| Surface | Frictional Coefficient |
|---|---|
| Gravel and dirt road | 0.35 |
| Wet grassy field | 0.20 |
| Dry asphalt | 0.60 |
| Wet asphalt | 0.45 |
| Snow-covered road | 0.20 – 0.30 |
| Ice | 0.05 – 0.10 |
| Dry concrete | 0.70 |
| Wet concrete | 0.60 |
Example:
What was the initial velocity of a car that skidded first 50 feet on dry concrete and then 90 feet over a grassy pasture, given the following equation and friction coefficients?

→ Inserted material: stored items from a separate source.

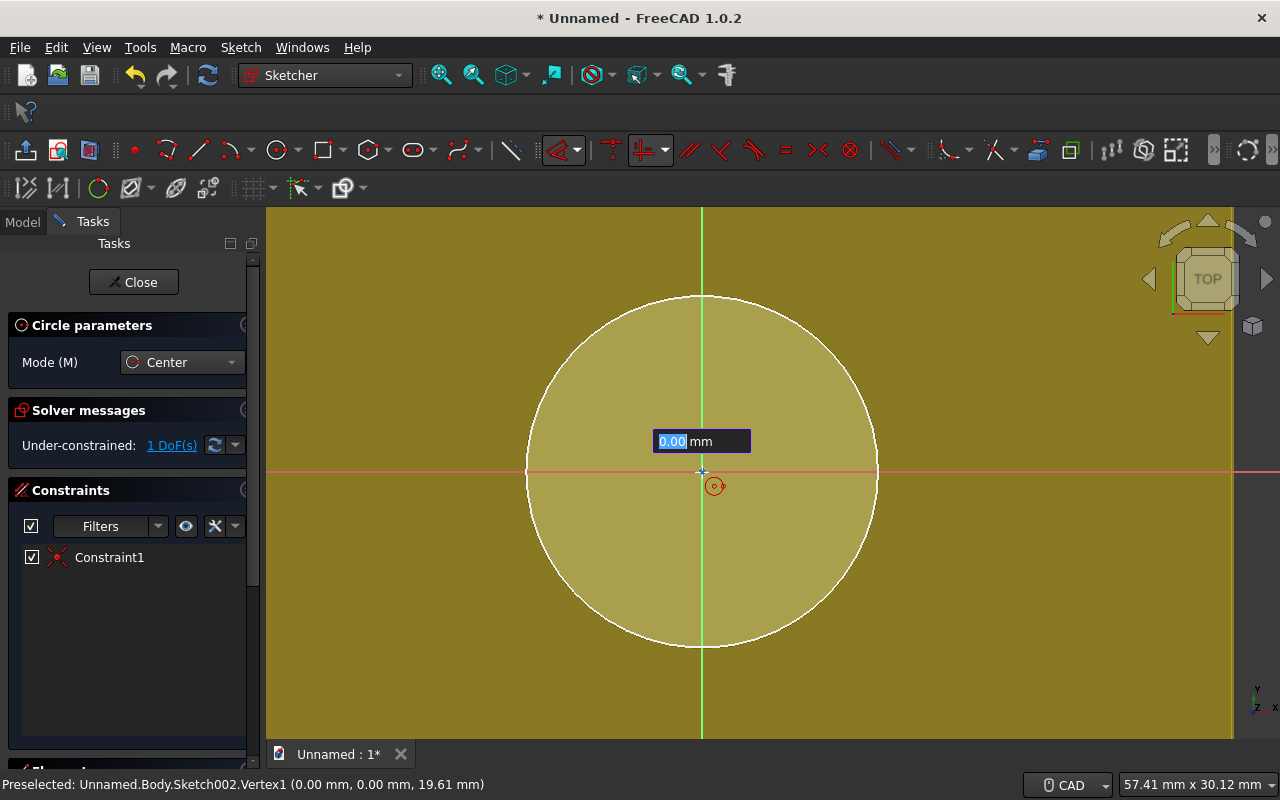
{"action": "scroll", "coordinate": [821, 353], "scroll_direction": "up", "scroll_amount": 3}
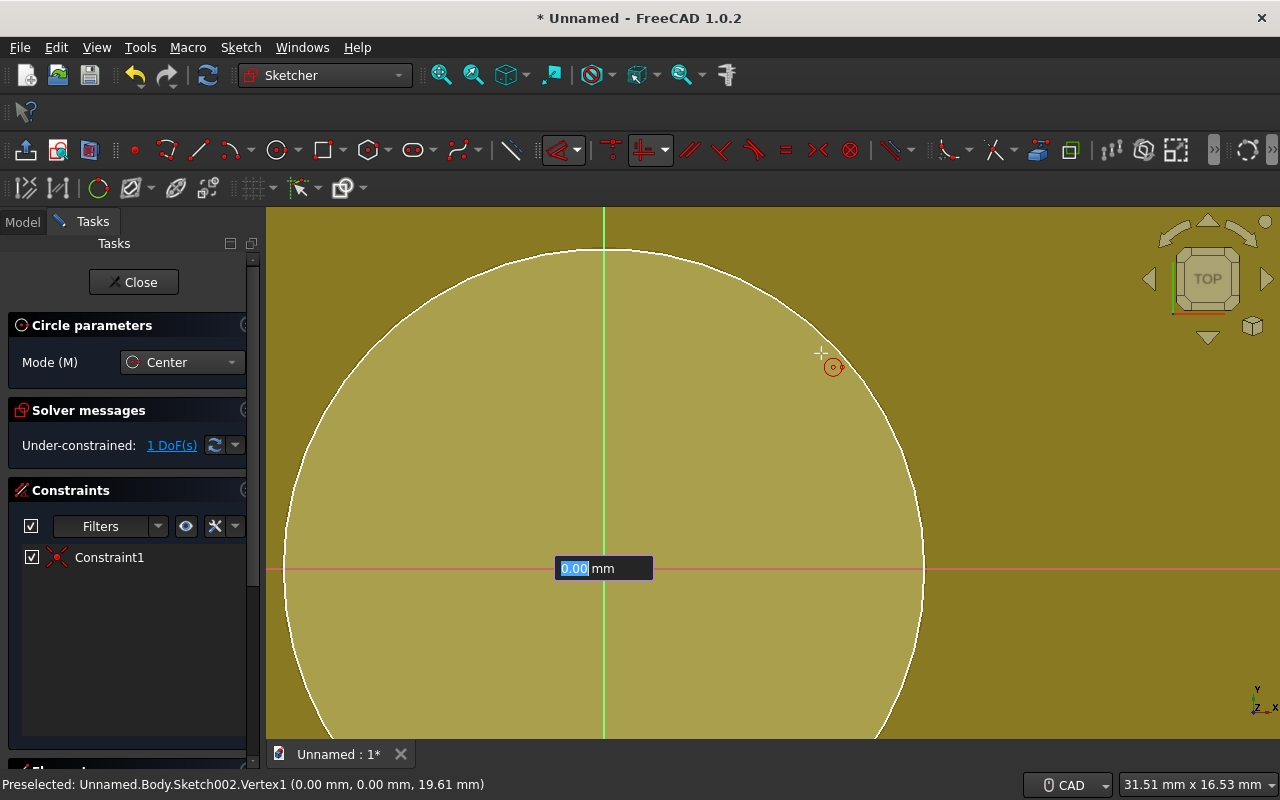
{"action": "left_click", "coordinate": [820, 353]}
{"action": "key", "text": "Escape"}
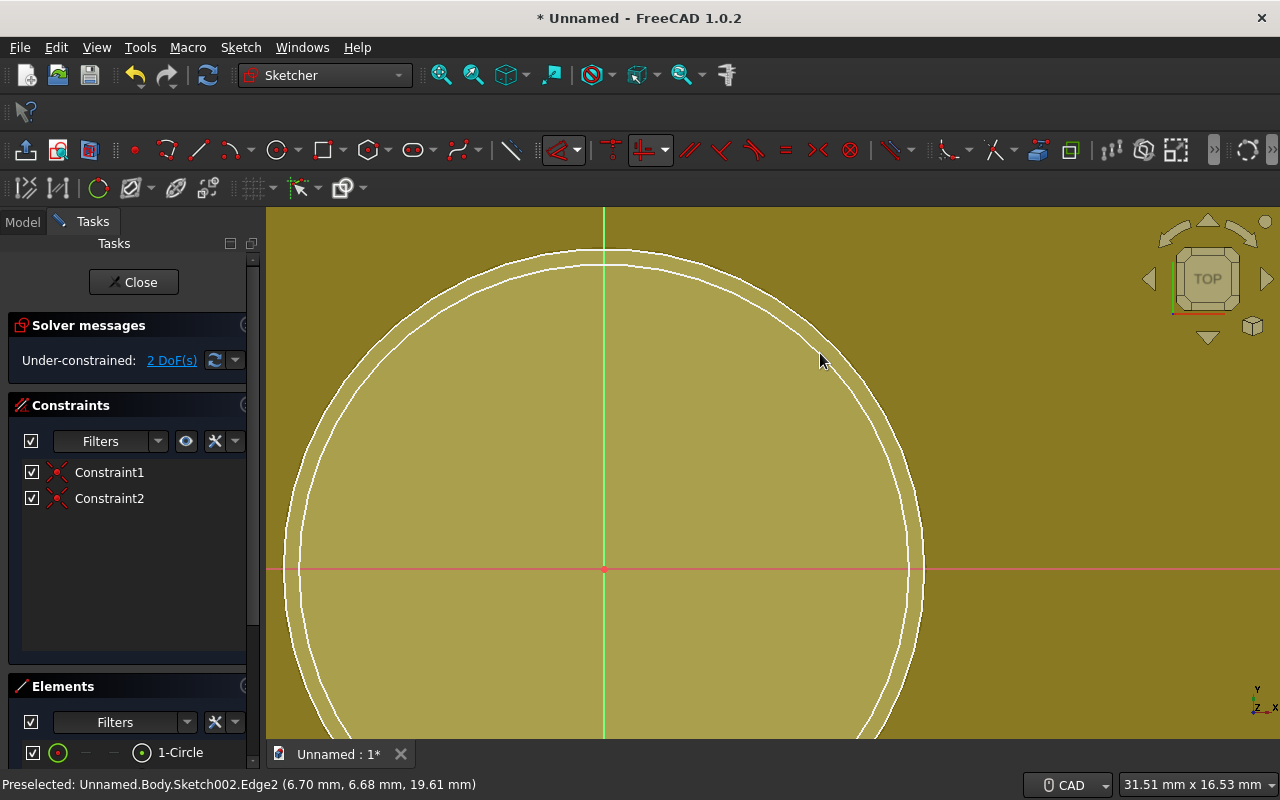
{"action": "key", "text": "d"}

Equation: v = √[2g (f1s1 + f2s2)]
Friction coefficients:
- f1 (dry concrete) = 0.7
- f2 (grassy pasture) = 0.2
Distances:
- s1 (dry concrete) = 50 feet
- s2 (grassy pasture) = 90 feet
Note: g = 32.2 ft/sec² (acceleration due to gravity)
v = √[2(32.2 ft/sec²) (0.7 × 50 ft + 0.2 × 90 ft)]

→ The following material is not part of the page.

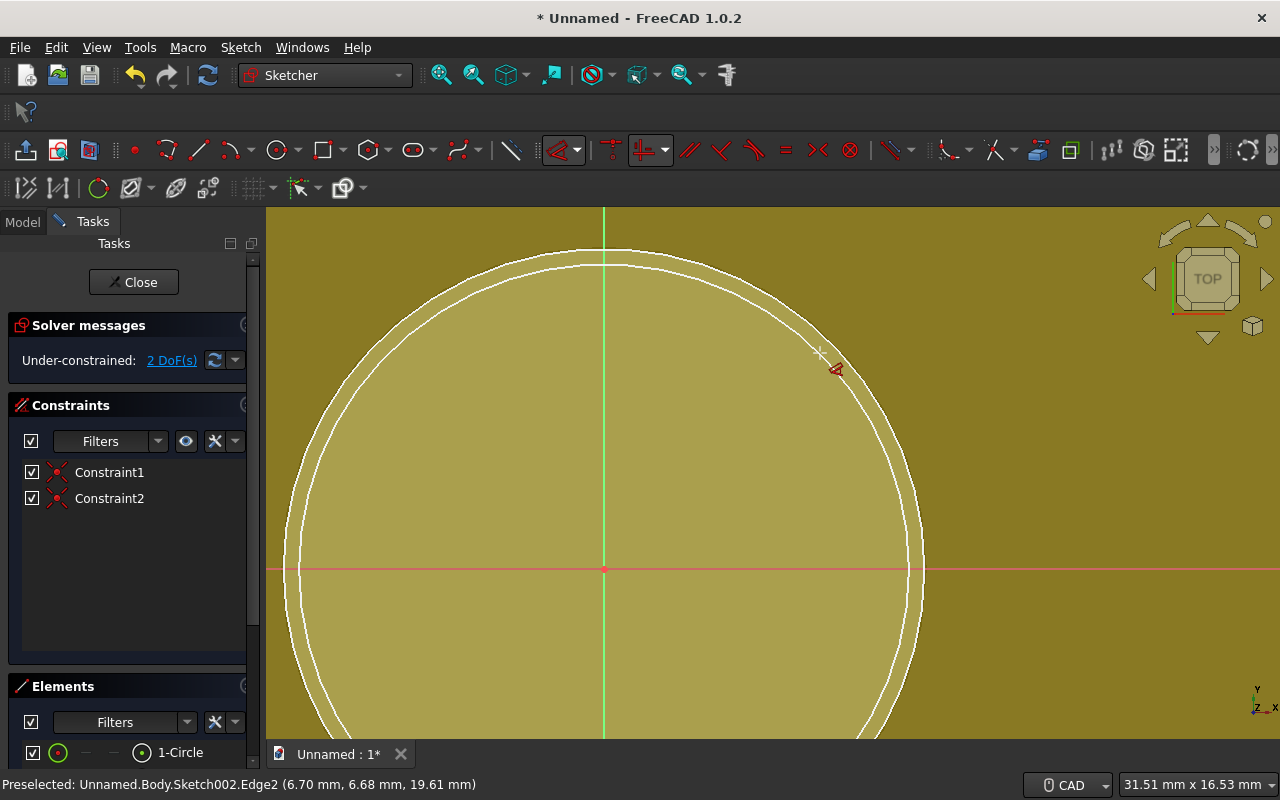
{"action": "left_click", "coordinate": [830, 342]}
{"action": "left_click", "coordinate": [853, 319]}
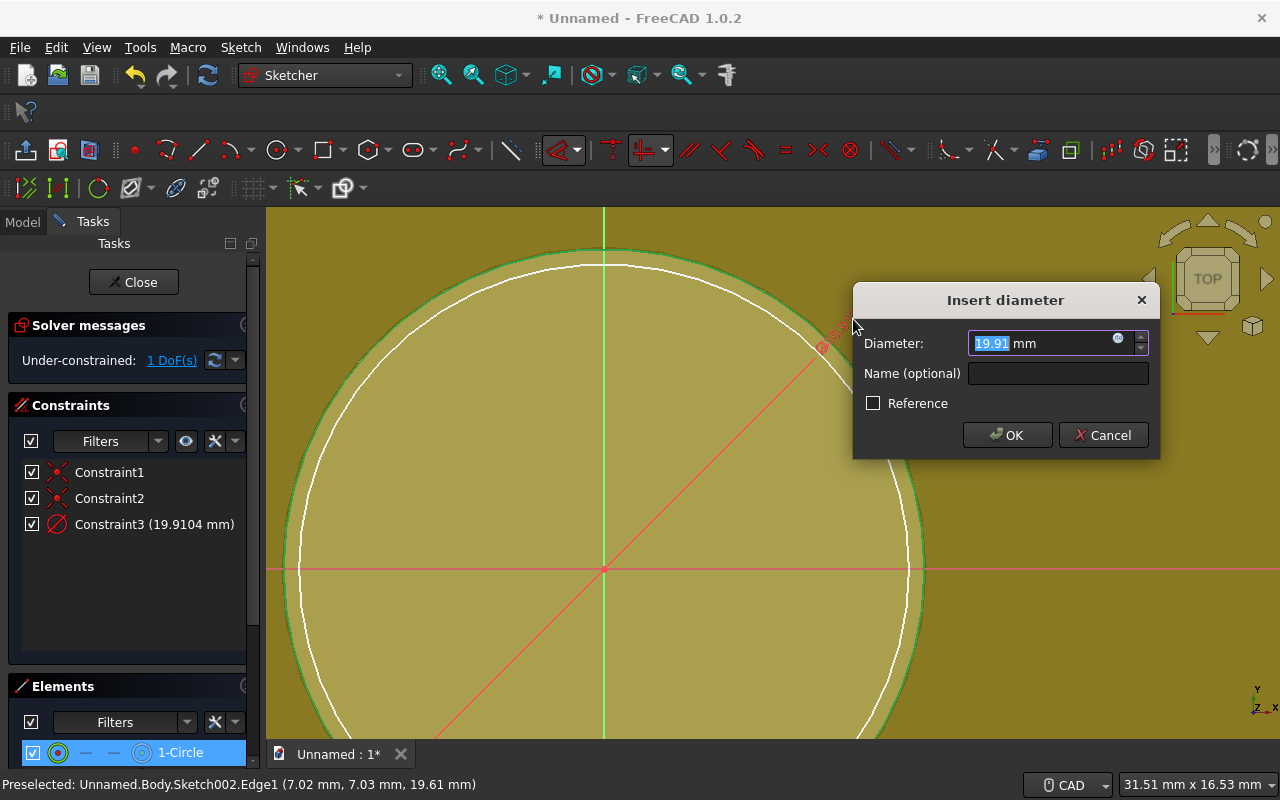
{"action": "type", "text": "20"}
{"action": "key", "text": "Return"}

v = √[2(32.2 ft/sec²) (35 ft + 18 ft)]
v = √[2(32.2 ft/sec²) (53 ft)]
v = √[2(32.2 ft/sec²)(53 ft)]
v = √[3421.2 ft²/sec²]
v = √[3421.2 ft²/sec²] v ≈ 58.5 ft/sec
Convert miles into mph
1 mile = 5280 feet; 1 hour = 3600 seconds
v ≈ 58.5 ft/sec * (1 mile / 5280 feet) * (3600 seconds / 1 hour) v ≈ 39.9 mph
The initial velocity of the car was approximately 40 mph.